The reaction has been positive, according to a survey carried out with 1,289 students and 11 teachers from the public schools in São Paulo that hosted the exhibition in 2008. The most favorable evaluations came from female students from a lower socio-economic level. Of all the students interviewed, 84.5% had the feeling they had learned something from the event. The difference between “liking” and “thinking that they learned something” from each of the biology sections was significant among the schools that were visited and is linked to the time when the students study. Students who study at night tend to “like” rather than “think that they learned something.” The exhibition also drove subsequent learning, because 89% chose words such as “wish to know more,” “curiosity” and “interest” to describe their feelings about the exhibition. “The results lead to the conclusion that the option of taking exhibitions to schools, in addition to providing a moment of pleasure, is an efficient way of stimulating pupils’ interest in learning,” says Eliana Dessen. The students plied their teachers with specific questions about the exhibition in the classroom. Of the 11 teachers who replied to the questionnaire, 10 said that after the visit the pupils commented spontaneously on the exhibition during lessons. Nine teachers stated that the pupils asked specific questions about what was on display, while two indicated that students only asked questions when they were encouraged to do so.

Careers
In São Carlos, the reaction could be measured in another way. “After seeing the exhibition, some students came to us to find out what they need to do to get into USP,” says Vanderlei Bagnato. “The idea of the exhibition is not just to encourage careers in science, but to stimulate logical thinking and help schools dispel their students’ scientific ignorance. However, it will also be productive if it reinforces students’ self-esteem and shows that it is within their reach to get into the state’s public universities,” he says.
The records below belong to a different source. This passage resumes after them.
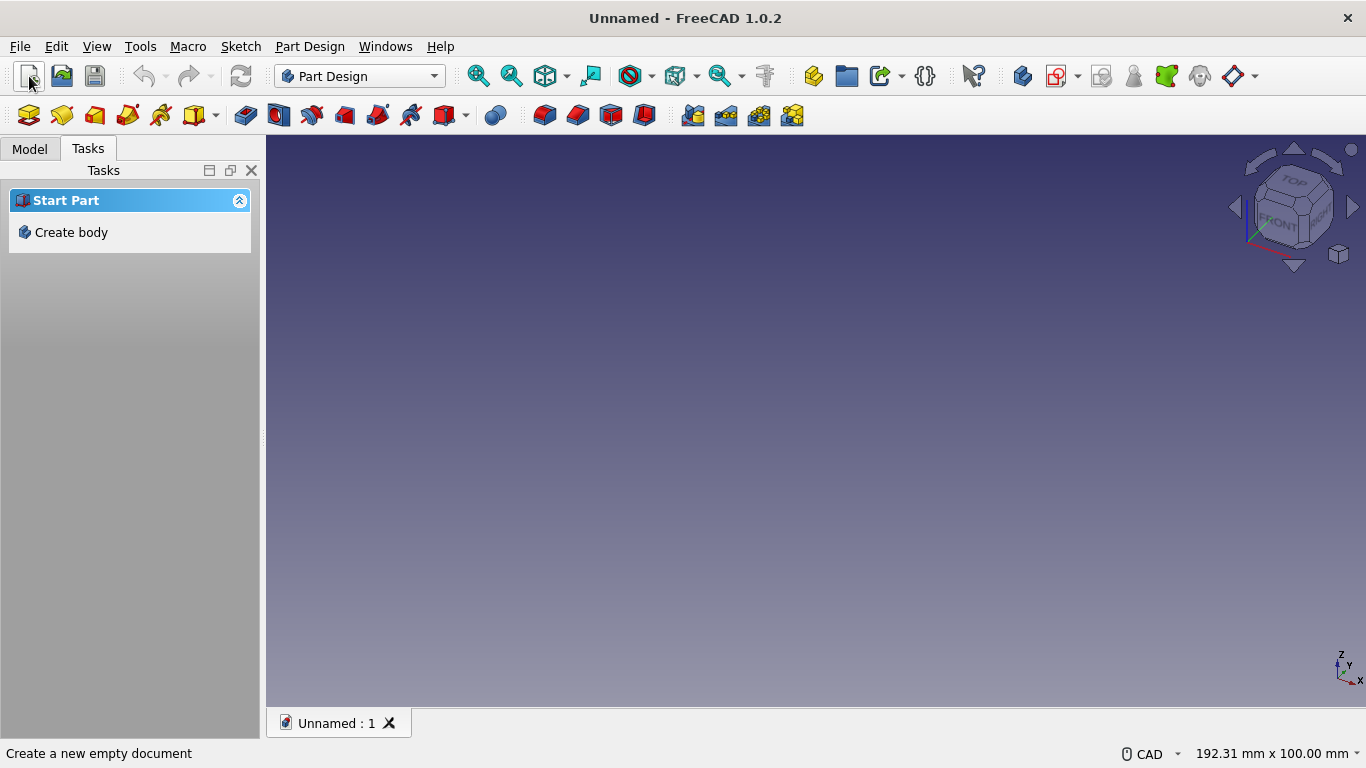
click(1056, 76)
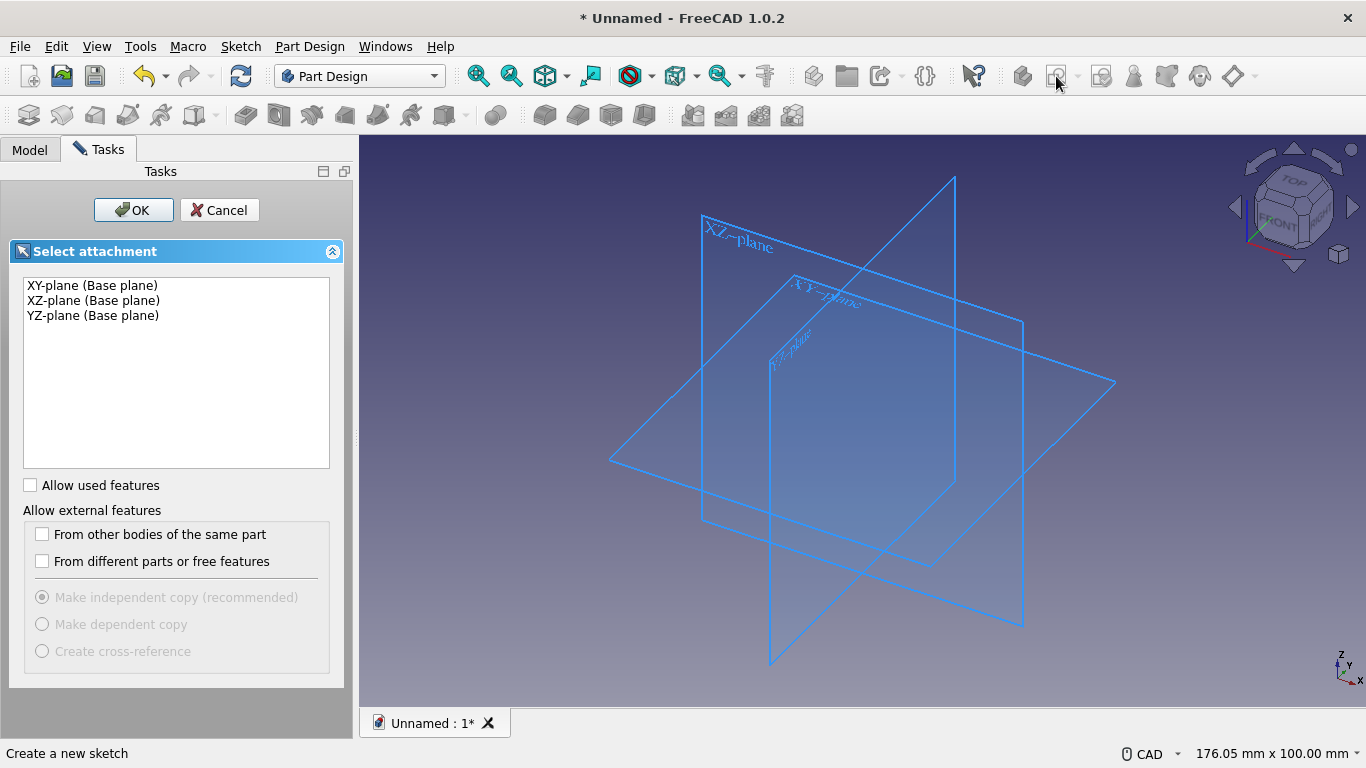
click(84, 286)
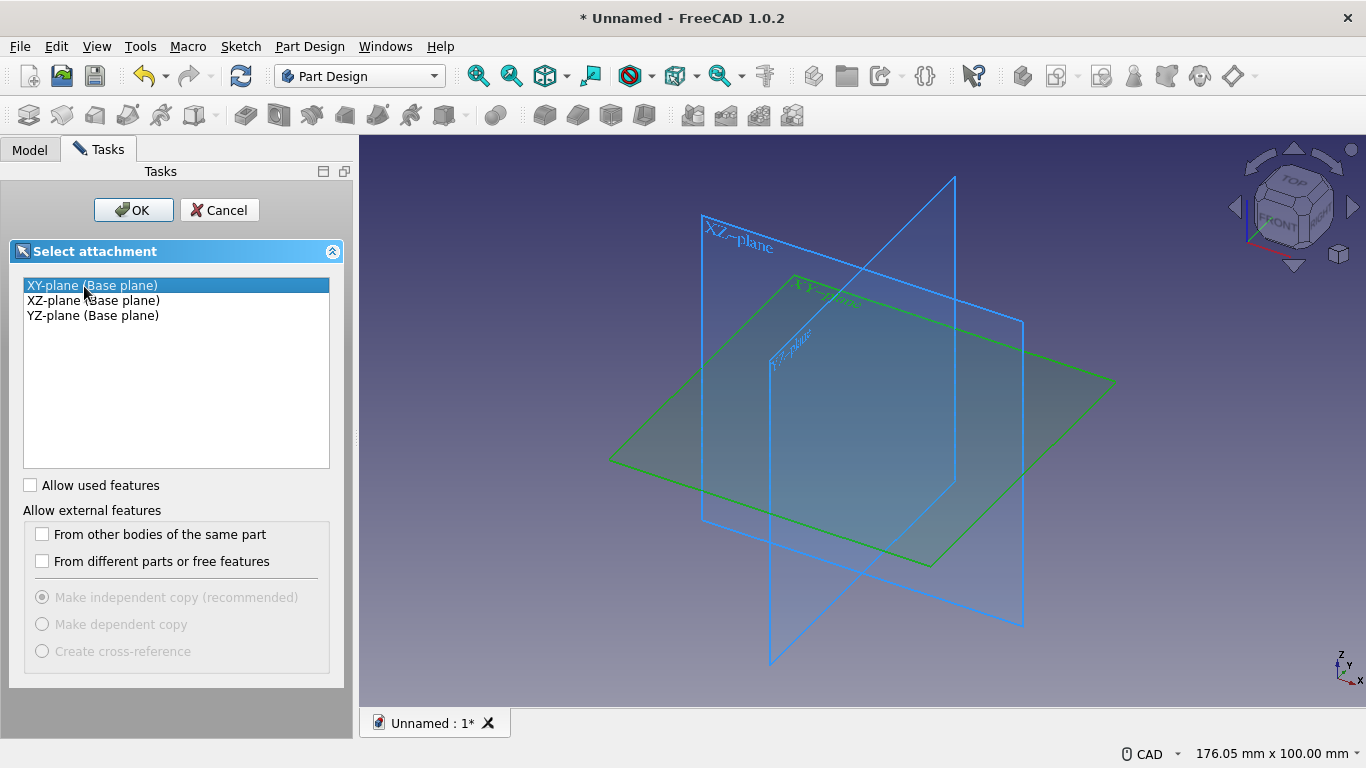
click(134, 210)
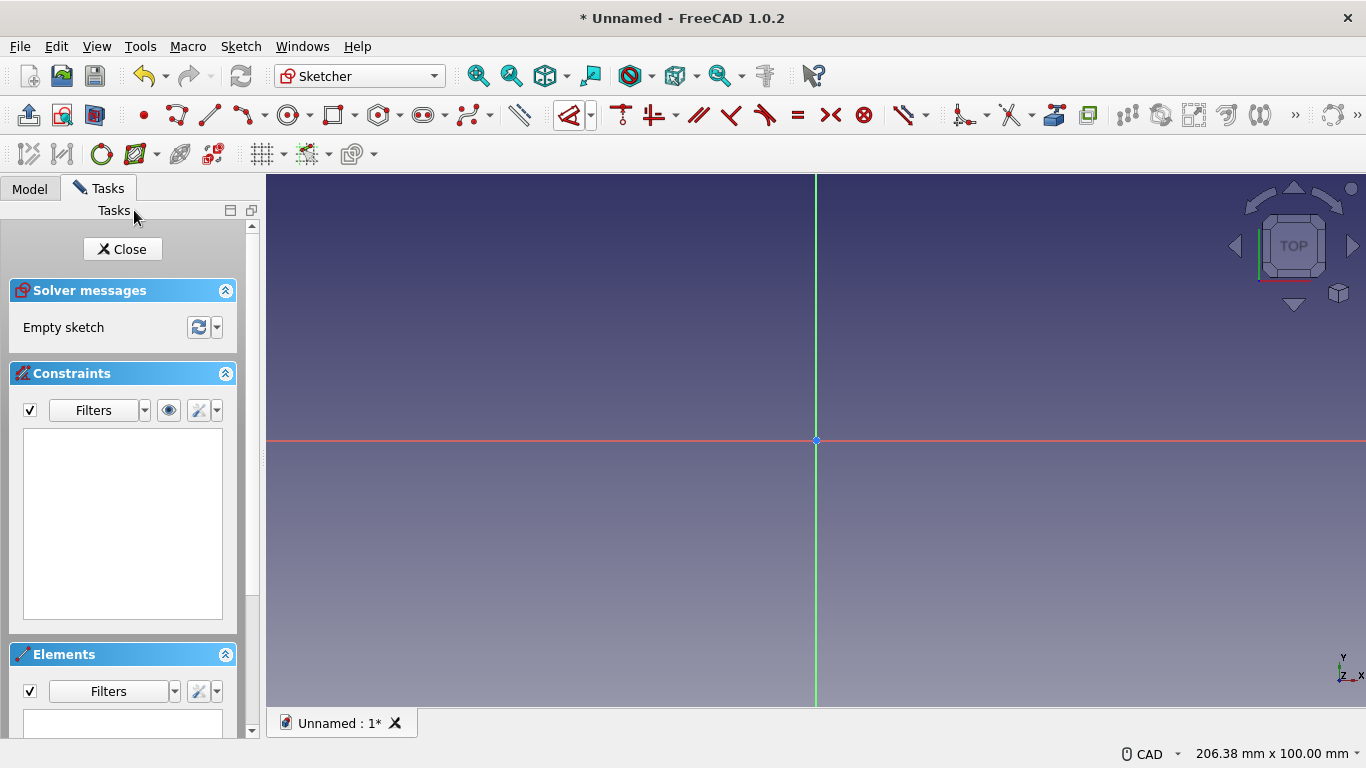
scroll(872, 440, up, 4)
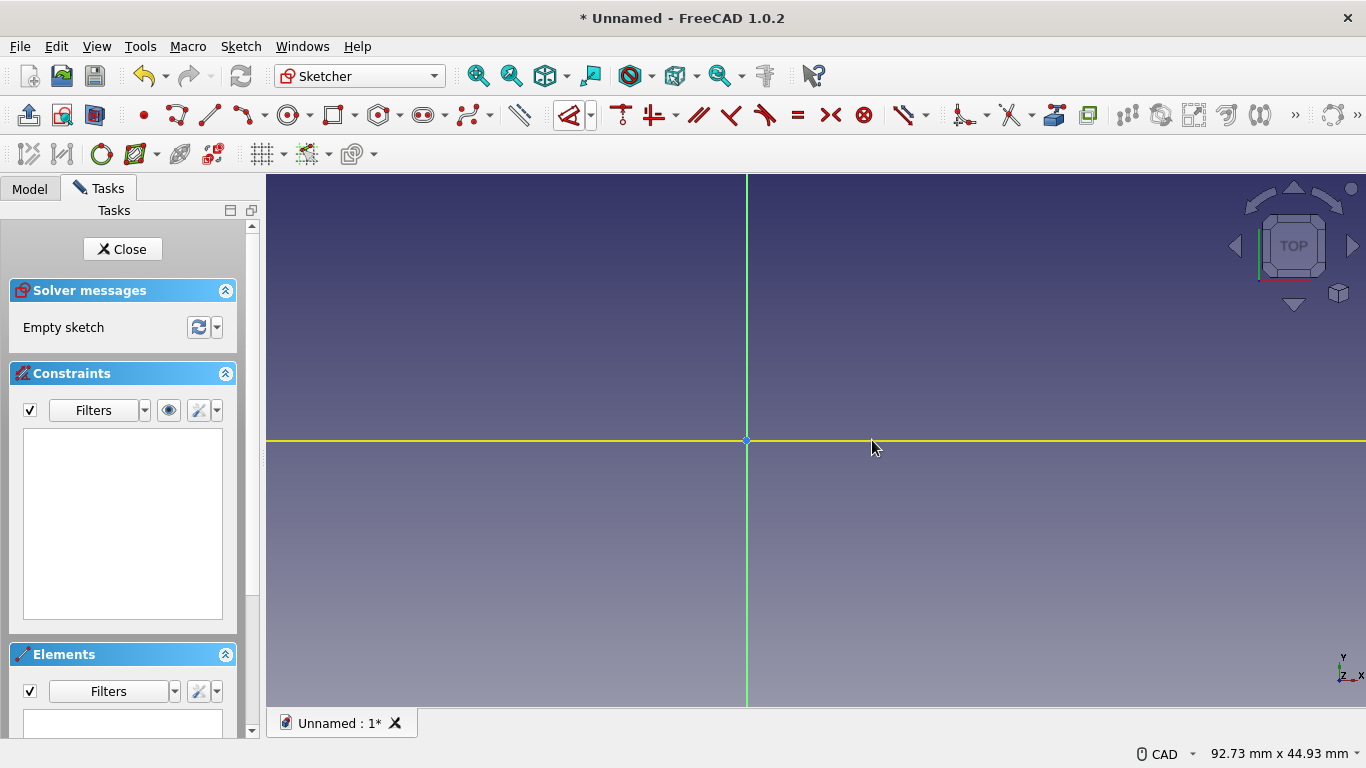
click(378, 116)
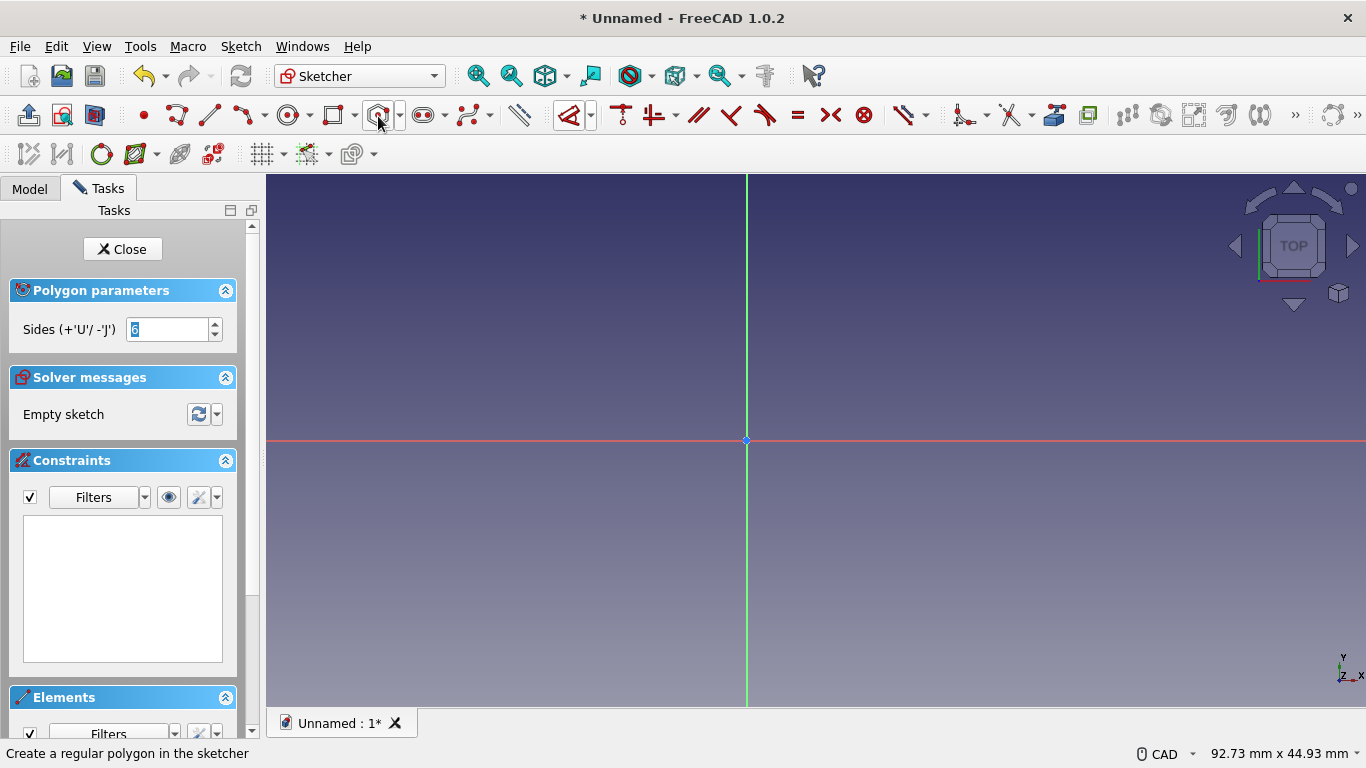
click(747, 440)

Set up in 2000, FAPESP’s 11 Cepids are multidisciplinary centers that carry out research in areas that are at the forefront of knowledge. The groups focus on various themes, from identifying the genes expressed in diseases to the development of new diagnoses for formulating drugs that are more effective, the analysis of protein structures, new ceramic materials and even the violence that affects the São Paulo Metropolitan Region, among others. Besides engaging in cutting-edge research, the Cepids’ researchers are responsible for disclosing the knowledge they produce, sharing it with society. The USP goes to your school exhibition is part of this effort at dissemination. “If there’s one thing that the Cepids can do jointly it is to disclose knowledge, making it more wide ranging and more effective,” says Vanderlei Bagnato.